**Assigned task**
Every line below that has the string "pull" needs to be copied.

**Data section**
———
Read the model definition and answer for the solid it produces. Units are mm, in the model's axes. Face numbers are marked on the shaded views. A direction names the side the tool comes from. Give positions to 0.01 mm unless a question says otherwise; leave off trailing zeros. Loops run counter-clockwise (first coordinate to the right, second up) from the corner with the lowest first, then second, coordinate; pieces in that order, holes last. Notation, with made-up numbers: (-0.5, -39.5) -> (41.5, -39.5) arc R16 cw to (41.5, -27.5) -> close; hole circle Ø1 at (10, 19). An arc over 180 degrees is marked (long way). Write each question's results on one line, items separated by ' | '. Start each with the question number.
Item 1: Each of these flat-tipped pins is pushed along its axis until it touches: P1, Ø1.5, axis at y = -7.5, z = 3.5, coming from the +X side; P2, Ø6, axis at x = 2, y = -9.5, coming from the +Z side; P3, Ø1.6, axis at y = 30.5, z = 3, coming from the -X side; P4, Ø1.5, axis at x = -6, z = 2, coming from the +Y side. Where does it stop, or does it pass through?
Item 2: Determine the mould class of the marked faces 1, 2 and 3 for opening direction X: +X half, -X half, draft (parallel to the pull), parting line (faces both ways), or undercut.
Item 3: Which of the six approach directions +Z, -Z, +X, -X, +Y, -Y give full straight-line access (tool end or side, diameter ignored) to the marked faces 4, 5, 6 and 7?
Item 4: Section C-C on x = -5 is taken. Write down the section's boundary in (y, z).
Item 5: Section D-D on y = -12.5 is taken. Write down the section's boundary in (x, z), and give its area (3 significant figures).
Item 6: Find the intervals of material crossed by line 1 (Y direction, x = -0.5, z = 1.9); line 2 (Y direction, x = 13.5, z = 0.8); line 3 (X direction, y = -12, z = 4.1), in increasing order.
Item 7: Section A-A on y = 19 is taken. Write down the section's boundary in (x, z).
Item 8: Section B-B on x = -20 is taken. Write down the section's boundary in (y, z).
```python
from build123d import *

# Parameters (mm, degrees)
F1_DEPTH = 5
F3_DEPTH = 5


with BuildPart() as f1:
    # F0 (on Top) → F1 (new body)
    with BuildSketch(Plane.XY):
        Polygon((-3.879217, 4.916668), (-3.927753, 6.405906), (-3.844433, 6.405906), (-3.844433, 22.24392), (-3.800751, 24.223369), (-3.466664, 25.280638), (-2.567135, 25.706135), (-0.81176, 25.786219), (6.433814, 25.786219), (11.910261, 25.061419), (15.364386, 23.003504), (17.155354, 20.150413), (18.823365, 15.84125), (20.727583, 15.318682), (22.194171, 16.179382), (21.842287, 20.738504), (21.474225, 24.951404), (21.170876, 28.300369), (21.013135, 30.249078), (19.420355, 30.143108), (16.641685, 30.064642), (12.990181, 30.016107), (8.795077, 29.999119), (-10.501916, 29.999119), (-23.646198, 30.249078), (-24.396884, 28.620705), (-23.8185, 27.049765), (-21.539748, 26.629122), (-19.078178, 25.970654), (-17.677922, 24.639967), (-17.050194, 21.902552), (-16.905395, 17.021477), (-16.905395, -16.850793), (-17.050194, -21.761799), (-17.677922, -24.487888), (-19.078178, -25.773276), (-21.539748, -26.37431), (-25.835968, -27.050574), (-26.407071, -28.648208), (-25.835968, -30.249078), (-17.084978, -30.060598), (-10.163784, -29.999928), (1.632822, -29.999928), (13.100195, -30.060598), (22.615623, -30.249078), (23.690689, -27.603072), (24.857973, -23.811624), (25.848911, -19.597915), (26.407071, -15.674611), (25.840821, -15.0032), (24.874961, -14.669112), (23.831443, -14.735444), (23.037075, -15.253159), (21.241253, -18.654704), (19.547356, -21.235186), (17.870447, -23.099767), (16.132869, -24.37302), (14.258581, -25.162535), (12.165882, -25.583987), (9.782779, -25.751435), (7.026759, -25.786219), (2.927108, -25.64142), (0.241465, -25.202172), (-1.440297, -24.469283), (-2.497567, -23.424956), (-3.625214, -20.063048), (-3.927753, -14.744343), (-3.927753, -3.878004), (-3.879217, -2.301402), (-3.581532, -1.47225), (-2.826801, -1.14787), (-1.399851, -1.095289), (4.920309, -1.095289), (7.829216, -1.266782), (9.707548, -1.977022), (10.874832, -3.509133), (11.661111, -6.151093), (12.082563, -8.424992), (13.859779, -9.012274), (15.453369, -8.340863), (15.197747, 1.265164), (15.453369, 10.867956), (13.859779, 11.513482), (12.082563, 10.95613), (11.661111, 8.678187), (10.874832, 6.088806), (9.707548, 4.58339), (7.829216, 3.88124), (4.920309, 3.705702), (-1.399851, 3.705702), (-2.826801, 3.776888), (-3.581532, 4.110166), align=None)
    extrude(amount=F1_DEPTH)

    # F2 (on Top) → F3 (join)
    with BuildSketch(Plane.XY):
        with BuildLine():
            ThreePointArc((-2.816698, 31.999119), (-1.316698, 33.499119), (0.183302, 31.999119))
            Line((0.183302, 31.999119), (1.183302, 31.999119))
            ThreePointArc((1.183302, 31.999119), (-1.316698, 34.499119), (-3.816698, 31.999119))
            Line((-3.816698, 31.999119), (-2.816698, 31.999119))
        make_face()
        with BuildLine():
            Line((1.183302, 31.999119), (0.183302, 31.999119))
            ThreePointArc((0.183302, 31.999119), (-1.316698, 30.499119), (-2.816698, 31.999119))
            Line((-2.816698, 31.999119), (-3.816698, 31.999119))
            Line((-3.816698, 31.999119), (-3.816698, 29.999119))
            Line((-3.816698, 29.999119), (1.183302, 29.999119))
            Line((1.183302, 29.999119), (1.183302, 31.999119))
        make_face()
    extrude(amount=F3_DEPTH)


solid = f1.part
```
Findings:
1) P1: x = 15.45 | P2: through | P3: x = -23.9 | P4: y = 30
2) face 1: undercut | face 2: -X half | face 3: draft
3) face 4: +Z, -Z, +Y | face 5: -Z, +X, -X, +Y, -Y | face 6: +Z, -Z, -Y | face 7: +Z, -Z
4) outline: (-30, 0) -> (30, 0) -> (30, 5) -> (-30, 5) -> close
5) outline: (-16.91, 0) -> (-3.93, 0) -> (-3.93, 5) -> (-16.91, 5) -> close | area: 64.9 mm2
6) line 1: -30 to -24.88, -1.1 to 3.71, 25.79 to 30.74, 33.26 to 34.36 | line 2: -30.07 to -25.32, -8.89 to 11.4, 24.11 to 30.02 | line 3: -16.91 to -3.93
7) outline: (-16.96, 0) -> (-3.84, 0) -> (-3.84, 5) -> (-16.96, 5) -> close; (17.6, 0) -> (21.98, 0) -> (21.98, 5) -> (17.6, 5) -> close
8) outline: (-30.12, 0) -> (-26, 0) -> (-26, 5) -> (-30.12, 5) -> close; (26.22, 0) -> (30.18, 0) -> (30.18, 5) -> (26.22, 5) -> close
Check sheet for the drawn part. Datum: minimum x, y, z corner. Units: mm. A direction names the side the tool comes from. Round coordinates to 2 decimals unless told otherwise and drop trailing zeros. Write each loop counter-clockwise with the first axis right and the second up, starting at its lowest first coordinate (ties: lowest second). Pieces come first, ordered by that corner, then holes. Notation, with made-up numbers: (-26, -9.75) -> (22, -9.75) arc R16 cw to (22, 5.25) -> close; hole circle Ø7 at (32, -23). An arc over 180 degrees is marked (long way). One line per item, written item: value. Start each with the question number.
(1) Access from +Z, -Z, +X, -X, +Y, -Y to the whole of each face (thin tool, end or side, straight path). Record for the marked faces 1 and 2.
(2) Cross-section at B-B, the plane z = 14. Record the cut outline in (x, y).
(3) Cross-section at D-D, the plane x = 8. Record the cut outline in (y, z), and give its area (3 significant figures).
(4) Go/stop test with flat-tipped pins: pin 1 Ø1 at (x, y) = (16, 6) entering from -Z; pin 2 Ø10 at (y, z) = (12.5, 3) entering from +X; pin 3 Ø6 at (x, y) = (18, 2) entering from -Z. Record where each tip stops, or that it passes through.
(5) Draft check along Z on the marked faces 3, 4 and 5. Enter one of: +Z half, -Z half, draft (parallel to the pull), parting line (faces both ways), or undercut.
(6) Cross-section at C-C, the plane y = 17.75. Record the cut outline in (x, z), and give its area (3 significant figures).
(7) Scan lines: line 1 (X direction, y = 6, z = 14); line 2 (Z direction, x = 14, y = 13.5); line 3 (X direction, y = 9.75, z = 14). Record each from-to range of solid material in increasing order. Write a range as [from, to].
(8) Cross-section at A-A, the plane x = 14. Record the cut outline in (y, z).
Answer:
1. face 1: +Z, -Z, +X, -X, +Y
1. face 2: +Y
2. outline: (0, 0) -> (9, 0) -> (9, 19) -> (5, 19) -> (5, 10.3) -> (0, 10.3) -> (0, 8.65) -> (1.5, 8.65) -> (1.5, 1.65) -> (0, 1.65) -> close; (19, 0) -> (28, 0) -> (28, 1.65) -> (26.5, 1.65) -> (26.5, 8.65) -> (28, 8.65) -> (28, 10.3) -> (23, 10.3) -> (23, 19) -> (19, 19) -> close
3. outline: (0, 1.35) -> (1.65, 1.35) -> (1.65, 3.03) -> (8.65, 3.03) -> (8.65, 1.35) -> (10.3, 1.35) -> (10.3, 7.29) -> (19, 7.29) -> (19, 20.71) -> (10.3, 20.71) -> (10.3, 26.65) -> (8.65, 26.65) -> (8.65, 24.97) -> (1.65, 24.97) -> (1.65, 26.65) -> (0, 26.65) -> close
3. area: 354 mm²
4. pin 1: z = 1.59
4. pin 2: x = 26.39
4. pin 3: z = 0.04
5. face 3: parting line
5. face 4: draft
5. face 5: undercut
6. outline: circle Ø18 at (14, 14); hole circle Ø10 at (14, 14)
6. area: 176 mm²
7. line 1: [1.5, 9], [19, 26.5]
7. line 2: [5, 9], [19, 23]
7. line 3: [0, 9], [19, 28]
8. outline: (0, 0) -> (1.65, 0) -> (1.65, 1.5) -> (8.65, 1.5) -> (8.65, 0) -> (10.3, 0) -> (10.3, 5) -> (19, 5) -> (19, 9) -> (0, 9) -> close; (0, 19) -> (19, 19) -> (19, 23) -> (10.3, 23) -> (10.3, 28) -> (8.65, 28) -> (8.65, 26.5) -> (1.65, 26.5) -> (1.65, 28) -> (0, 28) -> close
———
**Response**
Item 2: Determine the mould class of the marked faces 1, 2 and 3 for opening direction X: +X half, -X half, draft (parallel to the pull), parting line (faces both ways), or undercut.
(5) Draft check along Z on the marked faces 3, 4 and 5. Enter one of: +Z half, -Z half, draft (parallel to the pull), parting line (faces both ways), or undercut.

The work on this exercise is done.